## [Work required]
Look through the listing below for the string "object". Show each line where it occurs.

## [Provided records]

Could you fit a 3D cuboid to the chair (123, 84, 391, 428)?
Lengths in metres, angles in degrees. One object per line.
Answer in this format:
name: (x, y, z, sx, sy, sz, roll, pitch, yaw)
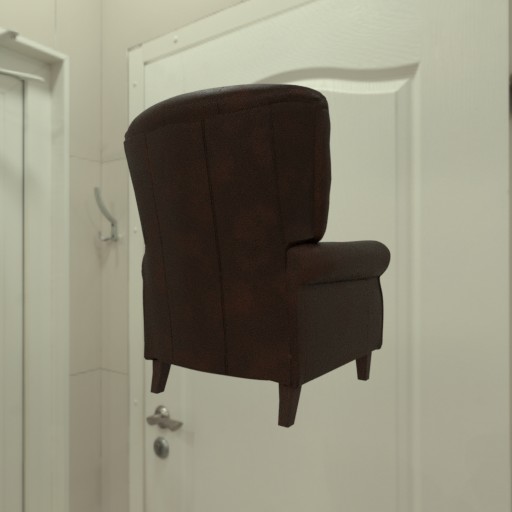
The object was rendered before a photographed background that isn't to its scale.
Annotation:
chair: (0.000, 0.000, 1.936, 0.948, 1.158, 1.058, 0, 0, 35)

## [Exercise output]
Lengths in metres, angles in degrees. One object per line.
The object was rendered before a photographed background that isn't to its scale.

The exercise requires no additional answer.